As the optimizer rewrites segments of the tree, these pre-computed sets (i.e., `materialized views') are maintained.
\paragraph{Work Sharing}
In this paper, we focus on an orthogonal optimization strategy: Work Sharing~\cite{DBLP:journals/ieeecc/KremienKM93} from stream processing.
When two queries with a common sub-plan are registered with stream processor, the common sub-plan is only executed once.
Similarly, we explore a work sharing optimization where pattern matching predicates common to multiple rules are merged.
\paragraph{\systemlang}
Although we focus on one specific optimization in this paper, we emphasize that compiling pattern matching down to a query language opens up a range of further optimization opportunities, including
(i) cost-based optimization of evaluation strategies,
(ii) parallelization for exploration of large search optimization spaces, and
(iii) differential dataflow~\cite{DBLP:conf/cidr/McSherryMII13} for incremental `live' compilation.
\paragraph{Case Study: Apache Spark}
We explore this \systemlang in the context of Apache Spark's Catalyst query optimizer.
\Cref{fig:sparkBreakdown} breaks down how Catalyst spends its time while optimizing the 22 queries of the TPC-H workload\footnote{
A similar figure appears in \cite{balakrishnan:2021:sigmod:treetoaster}. \Cref{fig:sparkBreakdown} has been updated to account for improvements to the optimizer in Spark version 3.2
}.
At least a quarter of its time is spent iterating over trees (`Search'), and a further quarter is spent on bookkeeping (`Fixpoint Loop').
Both of these are both strong candidates for database-style optimizations.
For this paper, we translated a significant fragment of the Catalyst optimizer --- \textcolor{red}{[TODO]} rules in total --- into ASTral-compatible match syntax\footnote{
\url{
https://git.odin.cse.buffalo.edu/Astral/astral-compiler/src/branch/main/astral/catalyst/src/com/astraldb/catalyst/Catalyst.scala
}
}.
We use this fragment to evaluate our optimizations on a variety of queries, including (i) The 22 queries of the TPC-H benchmark, and
(ii) several large queries generated by deployments of Vizier~\cite{brachmann:2020:cidr:your}, a computational notebook based on Spark.

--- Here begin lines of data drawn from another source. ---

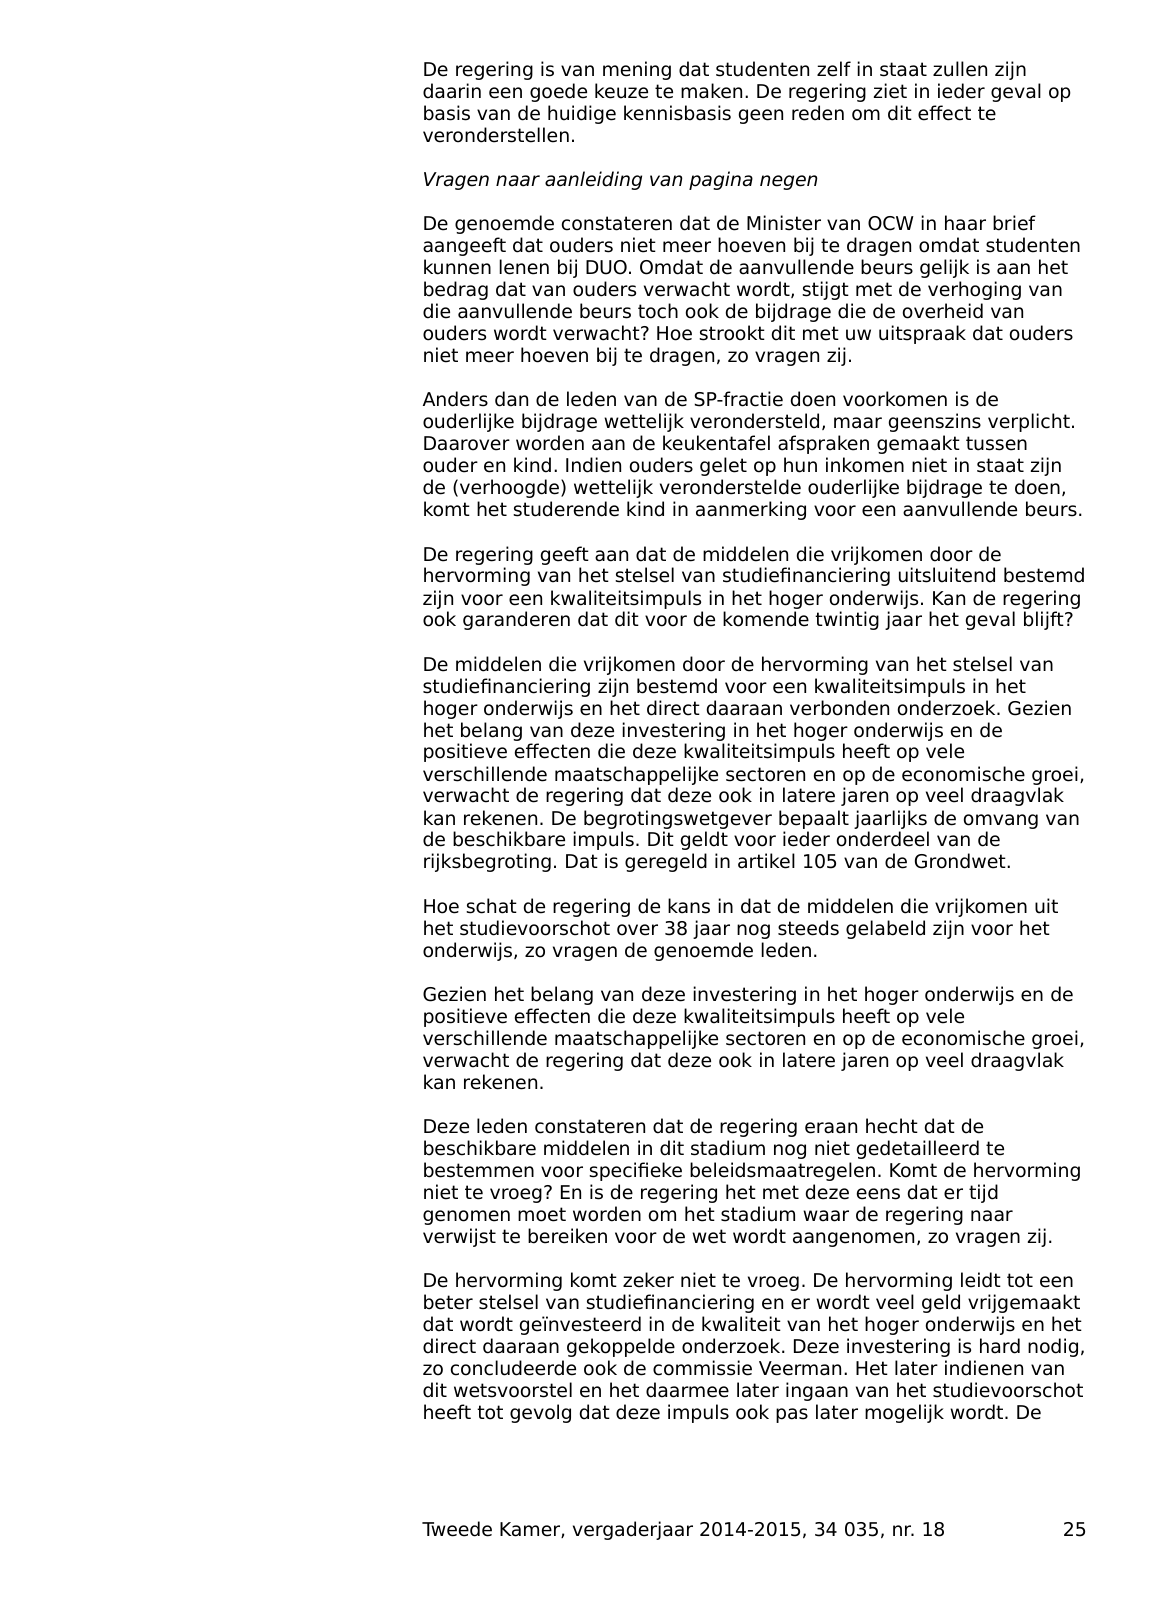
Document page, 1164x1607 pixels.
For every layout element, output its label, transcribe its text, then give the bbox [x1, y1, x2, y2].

text De hervorming komt zeker niet te vroeg. De hervorming leidt tot een beter stelsel van studiefinanciering en er wordt veel geld vrijgemaakt dat wordt geïnvesteerd in de kwaliteit van het hoger onderwijs en het direct daaraan gekoppelde onderzoek. Deze investering is hard nodig, zo concludeerde ook de commissie Veerman. Het later indienen van dit wetsvoorstel en het daarmee later ingaan van het studievoorschot heeft tot gevolg dat deze impuls ook pas later mogelijk wordt. De [422, 1270, 1087, 1424]
text Hoe schat de regering de kans in dat de middelen die vrijkomen uit het studievoorschot over 38 jaar nog steeds gelabeld zijn voor het onderwijs, zo vragen de genoemde leden. [422, 896, 1087, 961]
text De genoemde constateren dat de Minister van OCW in haar brief aangeeft dat ouders niet meer hoeven bij te dragen omdat studenten kunnen lenen bij DUO. Omdat de aanvullende beurs gelijk is aan het bedrag dat van ouders verwacht wordt, stijgt met de verhoging van die aanvullende beurs toch ook de bijdrage die de overheid van ouders wordt verwacht? Hoe strookt dit met uw uitspraak dat ouders niet meer hoeven bij te dragen, zo vragen zij. [422, 213, 1087, 367]
text De regering is van mening dat studenten zelf in staat zullen zijn daarin een goede keuze te maken. De regering ziet in ieder geval op basis van de huidige kennisbasis geen reden om dit effect te veronderstellen. [422, 59, 1087, 147]
text Anders dan de leden van de SP-fractie doen voorkomen is de ouderlijke bijdrage wettelijk verondersteld, maar geenszins verplicht. Daarover worden aan de keukentafel afspraken gemaakt tussen ouder en kind. Indien ouders gelet op hun inkomen niet in staat zijn de (verhoogde) wettelijk veronderstelde ouderlijke bijdrage te doen, komt het studerende kind in aanmerking voor een aanvullende beurs. [422, 389, 1087, 521]
text De regering geeft aan dat de middelen die vrijkomen door de hervorming van het stelsel van studiefinanciering uitsluitend bestemd zijn voor een kwaliteitsimpuls in het hoger onderwijs. Kan de regering ook garanderen dat dit voor de komende twintig jaar het geval blijft? [422, 543, 1087, 631]
text De middelen die vrijkomen door de hervorming van het stelsel van studiefinanciering zijn bestemd voor een kwaliteitsimpuls in het hoger onderwijs en het direct daaraan verbonden onderzoek. Gezien het belang van deze investering in het hoger onderwijs en de positieve effecten die deze kwaliteitsimpuls heeft op vele verschillende maatschappelijke sectoren en op de economische groei, verwacht de regering dat deze ook in latere jaren op veel draagvlak kan rekenen. De begrotingswetgever bepaalt jaarlijks de omvang van de beschikbare impuls. Dit geldt voor ieder onderdeel van de rijksbegroting. Dat is geregeld in artikel 105 van de Grondwet. [422, 653, 1087, 873]
text Deze leden constateren dat de regering eraan hecht dat de beschikbare middelen in dit stadium nog niet gedetailleerd te bestemmen voor specifieke beleidsmaatregelen. Komt de hervorming niet te vroeg? En is de regering het met deze eens dat er tijd genomen moet worden om het stadium waar de regering naar verwijst te bereiken voor de wet wordt aangenomen, zo vragen zij. [422, 1116, 1087, 1248]
subtitle Vragen naar aanleiding van pagina negen [422, 169, 1087, 191]
text Gezien het belang van deze investering in het hoger onderwijs en de positieve effecten die deze kwaliteitsimpuls heeft op vele verschillende maatschappelijke sectoren en op de economische groei, verwacht de regering dat deze ook in latere jaren op veel draagvlak kan rekenen. [422, 984, 1087, 1093]
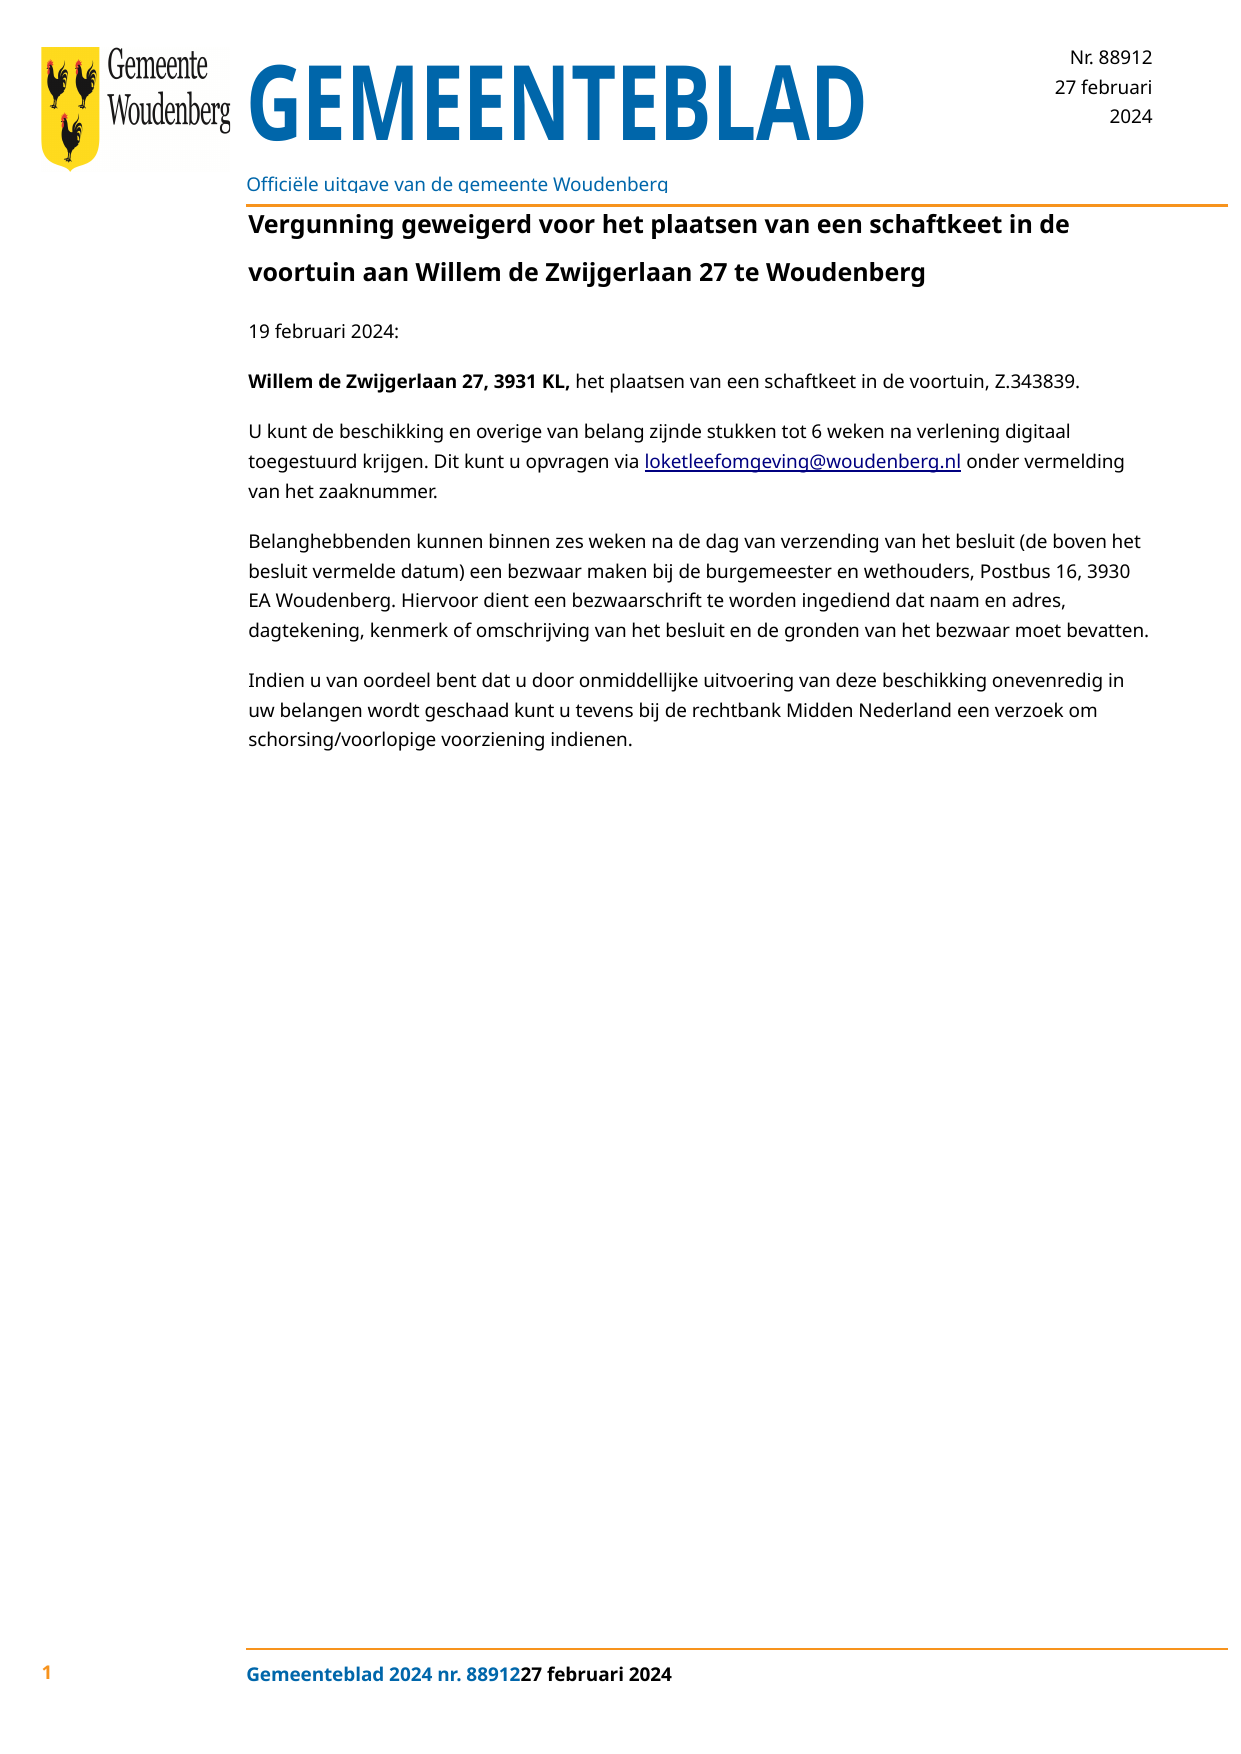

\subsection{Contributions}
In this paper, we make the following contributions:
(i) We introduce \systemlang, a declarative language for building compilers in \Cref{sec:datamodel};
(ii) We show how match patterns, the a common format for implementing rewrite rules, can be compiled to \systemlang;
(iii) We develop an runtime for \systemlang based on work sharing in stream processing systems in \Cref{sec:queryEvaluation};
(iv) We adapt tree toasting to \systemlang in \Cref{sec:treetoasting};
(v) We evaluate \systemlang by re-implementing a fragment of Spark's Catalyst Optimizer in \Cref{sec:experiments}; and
(vi) We explore potential further ways to leverage the declarative nature of \systemlang in \Cref{sec:conclusions}.